Smart Start
Photo: Lydia Williams
Debbie Given, managed Someday Farm.
Published in the May 29 issue of The Blood-Horse
Standing to the side of the press conference proceedings following Smarty Jones' historic victory in the Preakness Stakes (gr. I) was a diminutive lady named Debbie Given. During the colt's formative days, however, Given was no bystander, she was the farm manager of Roy and Patricia Chapman's Someday Farm in Pennsylvania. She was there to help I'll Get Along foal her Elusive Quality   colt at 9 p.m. on Feb. 28, 2001.

"I just love the Chapmans," she said, a smile of satisfaction on her face. "This was their dream. Roy always wanted a homebred to run in the Derby. He got that...and then some."

Given managed the farm for nine years starting in 1991 and foaled and raised all of the Chapman's horses, including Smarty Jones. She recalled Smarty Jones' foaling as "uneventful; a quick delivery. He was coming out fast."

As a foal, Smarty Jones "was ornery," she said. "His mother was ornery, too. You had to clear the shedrow when you were walking her."

Given remembers Smarty Jones as "just another colt.

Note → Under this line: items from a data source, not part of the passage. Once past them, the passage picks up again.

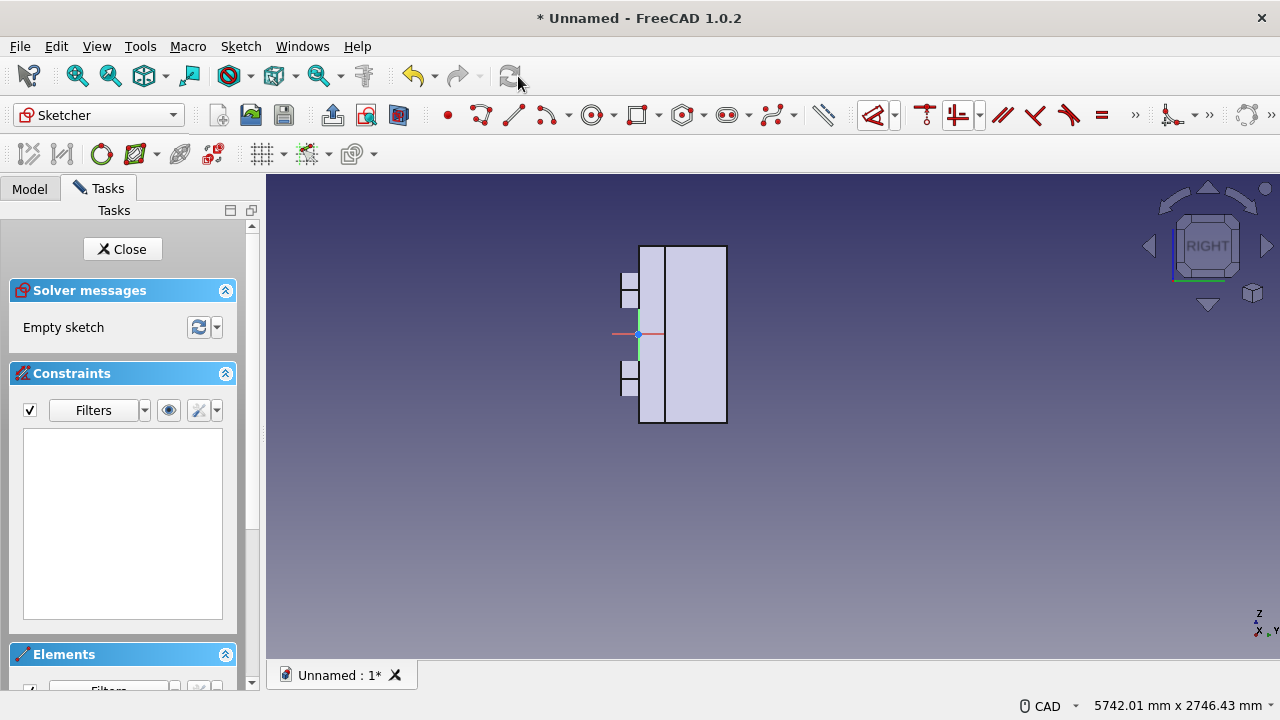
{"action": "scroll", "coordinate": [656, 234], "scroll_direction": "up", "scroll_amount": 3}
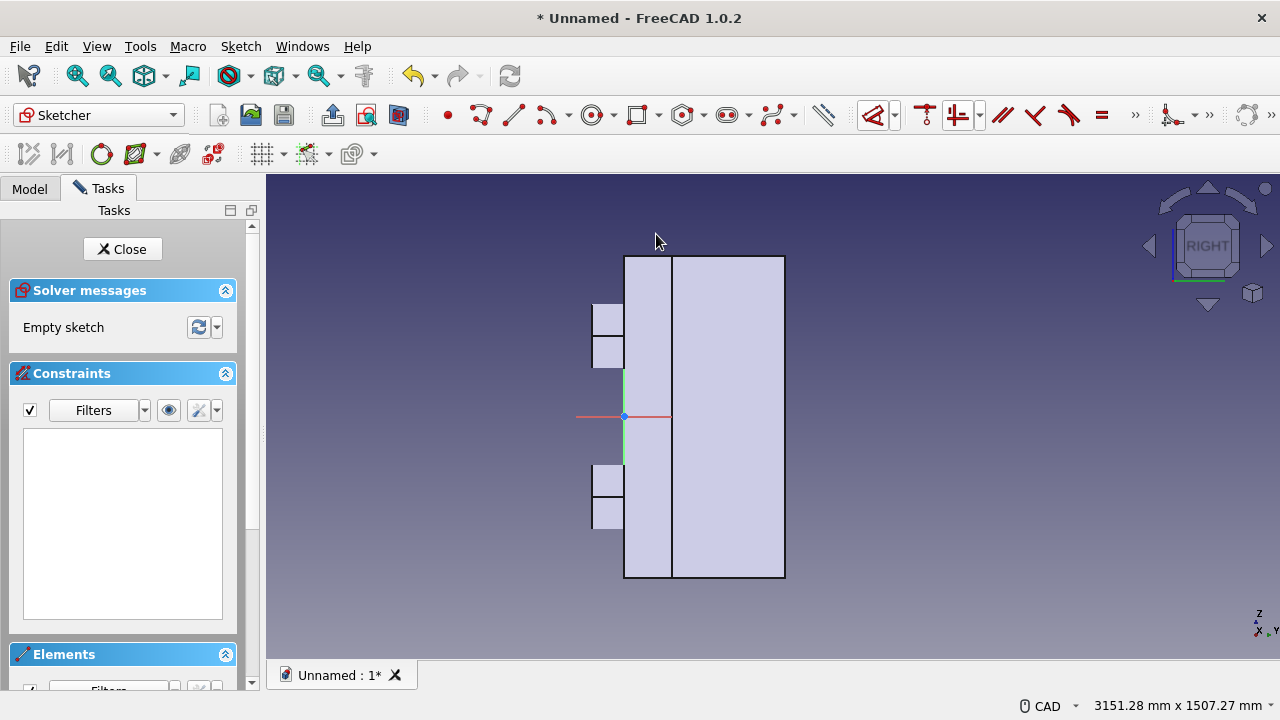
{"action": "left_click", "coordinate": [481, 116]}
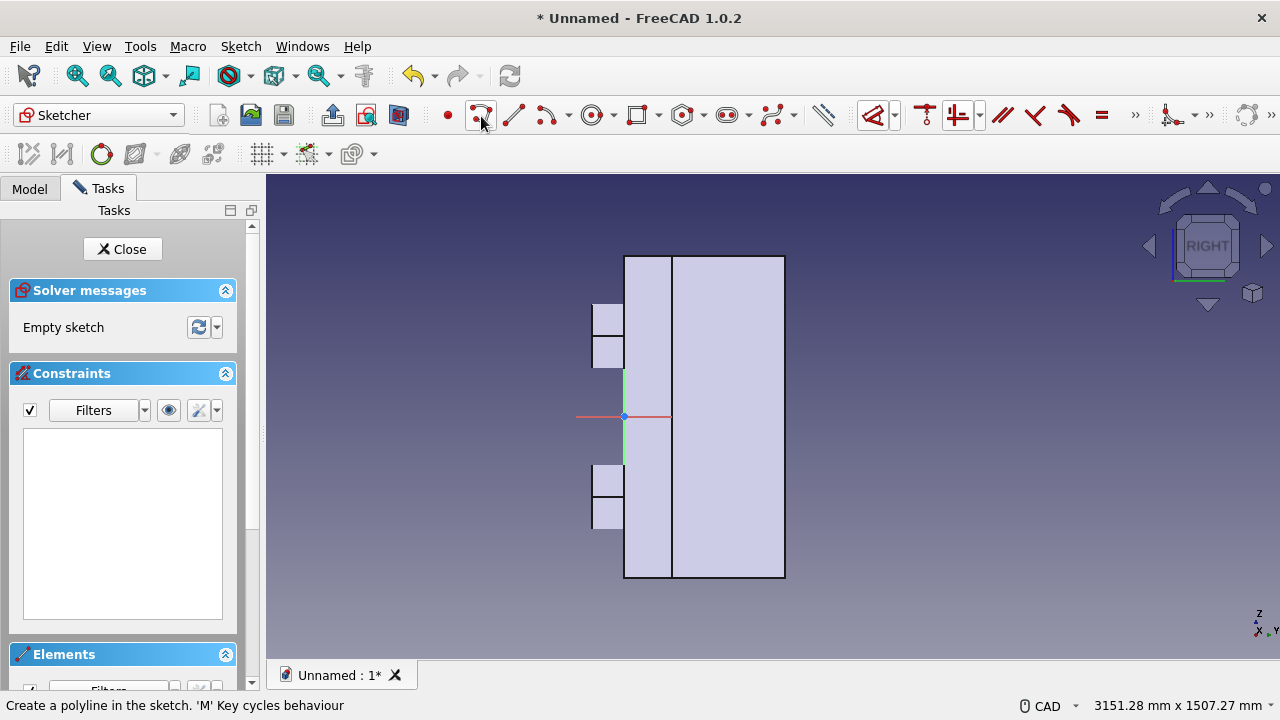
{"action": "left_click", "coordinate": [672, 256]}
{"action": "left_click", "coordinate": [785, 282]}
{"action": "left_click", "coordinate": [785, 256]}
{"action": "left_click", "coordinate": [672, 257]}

He wasn't very big. They had another chestnut colt that year that was bigger than him, but Smarty used to run circles around him. You had to go into the field to feed him, and you had to watch out, because he'd come a running."

Given, 49, was born in Elkton, Md., and has had a lifelong love of horses. At 16, she helped her father mow lawns to raise money, $125, to buy her first horse. She worked at several area farms before getting a call from Roy Chapman.

"He called a year before I took the job, but I didn't want to take it," she said. "I thought it was a lot to take on at the time. He kept pestering me and finally I said, 'I'll give you three months.' He said, 'No, I'll give you three months.' "

Given, who lives in Fair Hill, Md., still works with horses. She's now employed by the University of Pennsylvania's New Bolton Center in Chester County, Pa., where she works in the sterilization unit and assists in the operating room when needed.

"Debbie's been here two years and she's just wonderful," said Anne Hope, the operating room supervisor at New Bolton and Given's immediate supervisor. "She's hard-working and dedicated. She's a very detailed-type person, which is something she probably picked up by working at the farm," Hope said. "She picks up on the little changes, which is so important when you're working with horses every day."

Given is enjoying celebrity status at the New Bolton Center these days. She's received plenty of calls, like one from Sports Illustrated. The walls of the Center are filled with "Go Smarty Jones" signs and recent clippings from newspapers.

"We're thrilled," Hope said. "It's very exciting. I don't think she's taken off her Smarty Jones cap in the last week."

Given joked that in the coming weeks, she'll need a bigger cap for her swelling ego. However, she'd still rather be at Someday Farm, working for the Chapmans. "I would still be there if they hadn't sold the farm," she said.